Home Made Cake

Home Made Cake

Not Book Club Material Schlepping Across the Nile

My mother grew up in a large apartment on Rue Ismail Pasha in the Cairo suburb of Heliopolis. Some time after the 1952 officers’ revolution which overthrew King Faruk and brought Gammel Abdel Nasser to power, the street was renamed Rue Bagdad. Streets often change names in the Levant, depending on how the political winds blow.

The apartment was well situated. There was a stop for Cairo’s above ground metro only a few metres from the house. There was a florist on the ground floor. The Kashmir Cinema, which showed movies in Arabic, was walking distance, and the open-air Normandy Cinema, which had American and Italian films graced with both Arabic and French subtitles, was only one stop away. The fruit store and butcher were around the corner, and what food you could not get sometimes came to you on the street.
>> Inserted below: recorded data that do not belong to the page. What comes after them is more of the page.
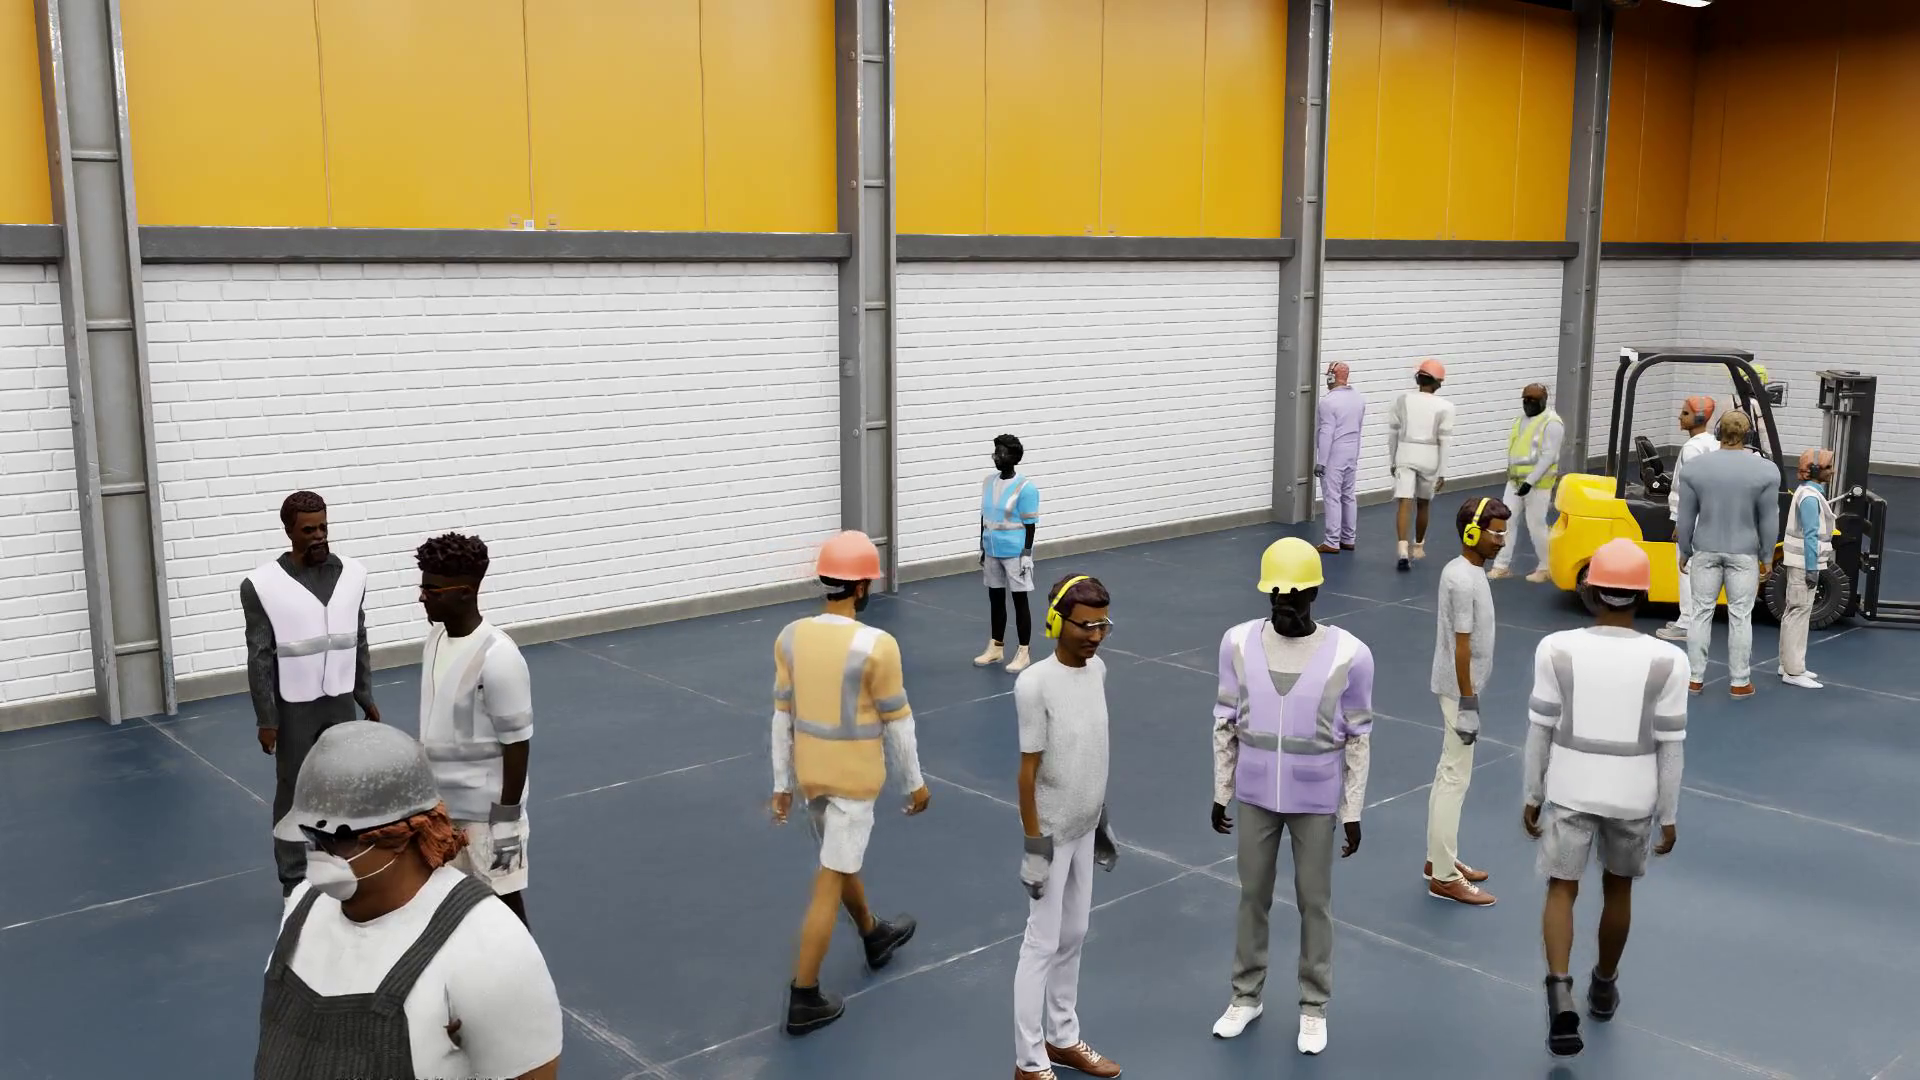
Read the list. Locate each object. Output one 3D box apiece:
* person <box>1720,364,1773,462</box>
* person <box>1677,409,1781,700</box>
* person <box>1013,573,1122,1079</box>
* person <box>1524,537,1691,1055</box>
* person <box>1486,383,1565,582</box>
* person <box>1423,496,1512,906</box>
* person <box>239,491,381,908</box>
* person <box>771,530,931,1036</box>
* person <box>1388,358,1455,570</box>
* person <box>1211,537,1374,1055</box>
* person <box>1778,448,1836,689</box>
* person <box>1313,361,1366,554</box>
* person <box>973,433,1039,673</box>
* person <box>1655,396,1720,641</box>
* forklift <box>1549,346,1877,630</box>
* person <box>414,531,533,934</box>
[{"bbox_3d":[7.810,-0.780,16.382,0.980,1.878,0.597,0,10,0],"label":"person"},{"bbox_3d":[5.096,0.096,11.079,0.629,1.940,0.373,6,11,31],"label":"person"},{"bbox_3d":[0.382,1.033,5.814,0.327,1.865,0.517,7,12,35],"label":"person"},{"bbox_3d":[2.377,0.947,6.169,0.554,1.914,0.848,4,11,23],"label":"person"},{"bbox_3d":[5.134,-0.505,14.960,0.623,1.812,0.642,-4,10,-21],"label":"person"},{"bbox_3d":[2.329,0.721,7.637,0.326,1.865,0.518,2,10,14],"label":"person"},{"bbox_3d":[-2.892,0.726,7.446,0.390,1.919,0.591,7,12,35],"label":"person"},{"bbox_3d":[-0.399,0.899,6.515,0.553,1.886,0.976,7,12,36],"label":"person"},{"bbox_3d":[4.341,-0.723,15.754,0.611,1.992,1.053,3,10,19],"label":"person"},{"bbox_3d":[1.214,0.939,6.175,0.591,1.927,0.366,4,11,25],"label":"person"},{"bbox_3d":[5.816,0.185,11.429,0.309,1.641,0.514,4,10,22],"label":"person"},{"bbox_3d":[3.726,-0.818,16.521,0.646,1.907,0.401,-9,13,-41],"label":"person"},{"bbox_3d":[0.329,0.087,11.825,0.318,1.700,0.535,-10,14,-44],"label":"person"},{"bbox_3d":[5.613,-0.165,12.766,0.344,1.881,0.585,8,12,38],"label":"person"},{"bbox_3d":[6.109,-0.478,13.691,2.313,2.155,1.214,3,10,16],"label":"forklift"},{"bbox_3d":[-1.773,0.935,6.080,0.370,1.965,0.608,-9,13,-42],"label":"person"}]

This was primarily ful medames, the fava beans which were the staple of Egyptian cuisine and culture, which would arrive, by horse- pulled cart, in a huge copper pot every morning at 7.

But the crown jewel of the neighborhood was across the street. It was a French bakery, a patisserie, owned by a Greek family. It was called, if you can believe, Home Made Cake.

Now Cairo in those days was not only an ancient city with a storied past but was also the epitome of what we now refer to as a melting pot. Arabs, Greeks, French, Armenians, Brits, Copts, Turks, and Jews represented but a handful of the nations which filled the city streets. That melting pot was accompanied by all the respective languages - including English. But when my family spoke about Home Made Cake, I could not fathom a place with such a generic English name. Instead, I heard it in Arabic -

Om Met Kek.

As in “Ya wallad, je n’ais jamais manger un croque en bouche aussi bon que a Om Met Kek.” My boy, I have never eaten as good a croque en bouche as I did at Om Met Kek.

My Tante Nandi, who lived down the road on Boutros Basha Gali, became misty eyed when talking about it. This from a woman who was famous for her own desserts. Her baklava and konafa were a thing of legend in our family.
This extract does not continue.